Manipulating minds … important lessons for controlling humans

Manipulating minds ... important lessons for controlling humans
Manipulating minds ... important lessons for controlling humans

Localized introductionThe idea that the human mind can be controlled has taken center stage by politicians and scientists. And even the public as well; Especially in the fifties of the last century, and this was reflected in studies, books and tests of cases said that the minds of their people had been controlled and manipulated, and this effect extended – until now – carrying with it many connotations and concepts, which are discussed in the following article.Text of the articleIn the mid-1990s, Jesse Morton was 16 years old when he ran off to tour a rock band and make a living off the proceeds of drugs circulating outside of the concert. He was arrested and imprisoned on drug-related charges, and in a prison in the US state of Virginia, bin Laden became his role model, and (himself) became recruiting individuals for Al Qaeda. He is said to have inspired some of those who planned to send the remote-controlled plane loaded with explosives to the Pentagon.

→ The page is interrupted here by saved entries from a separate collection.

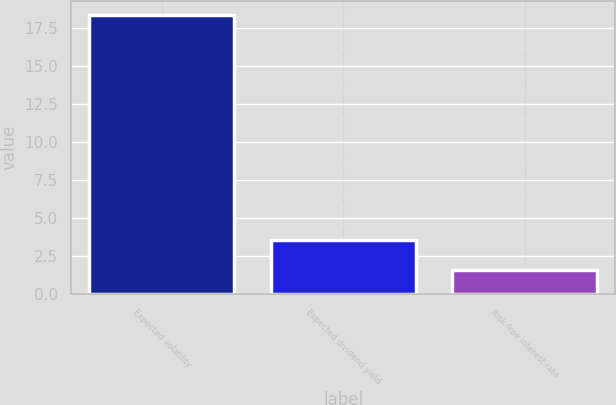<chart> <loc_0><loc_0><loc_500><loc_500><bar_chart><fcel>Expected volatility<fcel>Expected dividend yield<fcel>Risk-free interest rate<nl><fcel>18.4<fcel>3.6<fcel>1.6<nl></chart> 
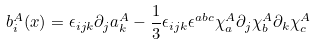<formula> <loc_0><loc_0><loc_500><loc_500>b _ { i } ^ { A } ( x ) = \epsilon _ { i j k } \partial _ { j } a _ { k } ^ { A } - \frac { 1 } { 3 } \epsilon _ { i j k } \epsilon ^ { a b c } \chi _ { a } ^ { A } \partial _ { j } \chi _ { b } ^ { A } \partial _ { k } \chi _ { c } ^ { A }</formula> 
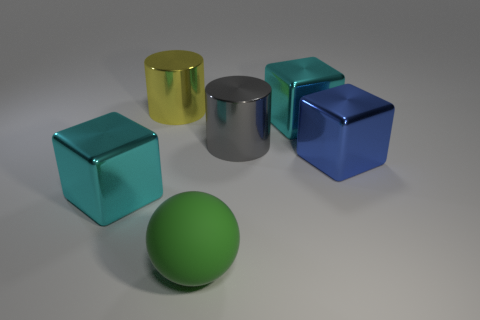Subtract all big blue cubes. How many cubes are left? 2 Subtract all cyan cubes. How many cubes are left? 1 Add 2 big yellow matte spheres. How many objects exist? 8 Subtract all spheres. How many objects are left? 5 Add 3 cyan blocks. How many cyan blocks exist? 5 Subtract 1 green spheres. How many objects are left? 5 Subtract 2 cubes. How many cubes are left? 1 Subtract all green blocks. Subtract all yellow cylinders. How many blocks are left? 3 Subtract all cyan balls. How many purple cylinders are left? 0 Subtract all blue shiny cylinders. Subtract all large balls. How many objects are left? 5 
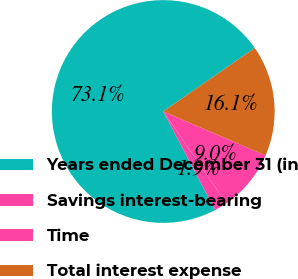Convert chart. <chart><loc_0><loc_0><loc_500><loc_500><pie_chart><fcel>Years ended December 31 (in<fcel>Savings interest-bearing<fcel>Time<fcel>Total interest expense<nl><fcel>73.07%<fcel>1.85%<fcel>8.98%<fcel>16.1%<nl></chart> 
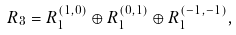Convert formula to latex. <formula><loc_0><loc_0><loc_500><loc_500>R _ { 3 } = R _ { 1 } ^ { ( 1 , 0 ) } \oplus R _ { 1 } ^ { ( 0 , 1 ) } \oplus R _ { 1 } ^ { ( - 1 , - 1 ) } ,</formula> 
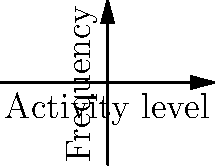Based on the brain activity distribution graph shown above, which represents data from fMRI scans, what key difference can be observed between the control group and the group with depression? How might this inform diagnosis and treatment approaches? To analyze this graph and understand its implications for diagnosis and treatment of depression, let's follow these steps:

1. Observe the distributions:
   - The blue line represents the control group (mentally healthy individuals).
   - The red line represents the group with depression.

2. Compare the peaks:
   - The control group's peak is slightly to the left of center.
   - The depression group's peak is slightly to the right of center.

3. Interpret the x-axis (Activity level):
   - Higher values indicate increased brain activity.
   - Lower values indicate decreased brain activity.

4. Key difference:
   - The depression group shows a shift towards higher activity levels compared to the control group.
   - This suggests that individuals with depression may have increased brain activity in certain regions.

5. Implications for diagnosis:
   - fMRI scans showing this pattern of increased activity could be an indicator of depression.
   - However, it's important to note that this should be used in conjunction with other diagnostic criteria, not as a sole determinant.

6. Implications for treatment:
   - Treatments that aim to modulate this increased brain activity might be effective.
   - This could include targeted therapies such as Transcranial Magnetic Stimulation (TMS) or certain medications that affect neurotransmitter levels.

7. Further considerations:
   - The specific brain regions showing increased activity are not specified in this graph but would be crucial in real-world applications.
   - Individual variations should always be considered, as not all patients with depression may show this exact pattern.
Answer: Increased brain activity in depression group; informs potential for activity-modulating treatments. 
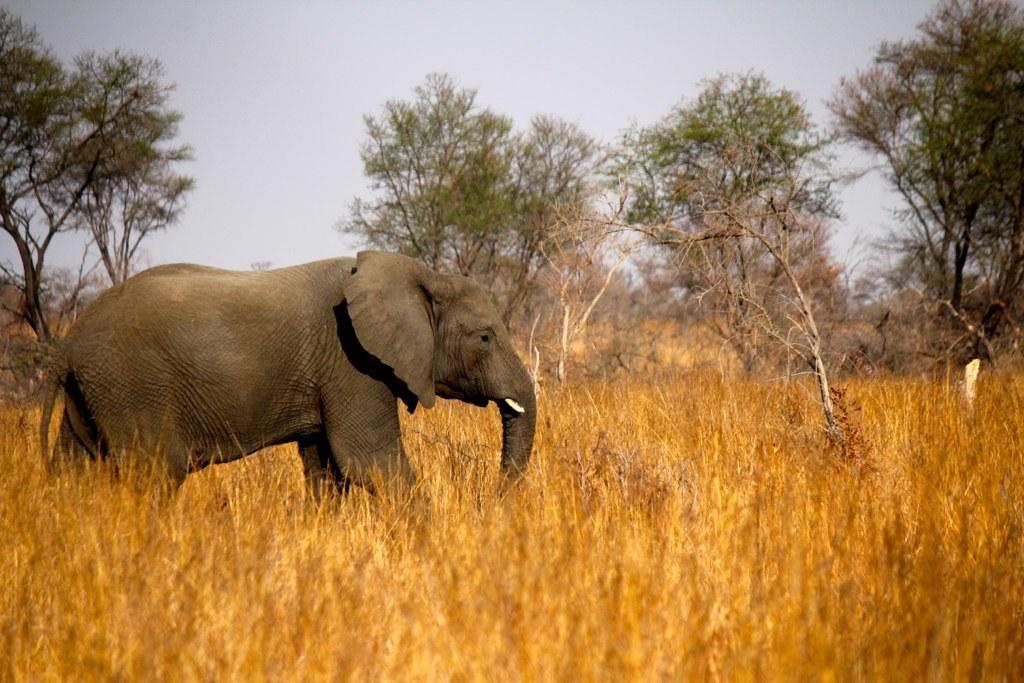Please provide a concise description of this image. This is the picture of an elephant which is walking in the field. The field has grass all over the land. And there are some trees in the background. We can observe a sky here.

After the so-called “Reverse Transformation” process and his work in the FBI, it is widely rumored that today he is seeking a new profession to reclaim the hearts and minds of those he helped plant previously to fight the West. In an interview with The New York Times in August, Morton declared: “100 percent free of extremism.”

Yes, there are clear differences between past and present fears of mind control, but they are worth noting, and nevertheless experts often follow the scent of hidden assumptions about the nature of the mind and group wafting from the Cold War’s past.

Morton posits a certain psychological explanation for his condition. He describes himself as someone whose troubled childhood set the stage for subsequent life-changing decisions, as the feeling of letdown increased in a school that failed to protect him from his mother’s behavior and abuse. Morton believes that, as a teenager, he cultivated desires for revenge, drawn into the polarizing rhetoric of fundamentalism, falling into the clutches of powerful anti-Western leaders.

But how and why do some people “transform” in this or that way? And to what extent can the “planter of extremism ideology” or “the extremist” go beyond the conscious will of the human mind? All this may seem like a new dilemma, but in fact the world has seen this before.
The current debate about extremism bears a resemblance to previous fears of “brainwashing” in the twentieth century! In a research project called “ulterior motives” funded by the Wellcome Trust (headquartered in Birkbeck, University of London), we explore the history of brainwashing. We track ideas, experiences, fictions, myths, and policies that crystallized in the 1950s and were of the interest of psychologists.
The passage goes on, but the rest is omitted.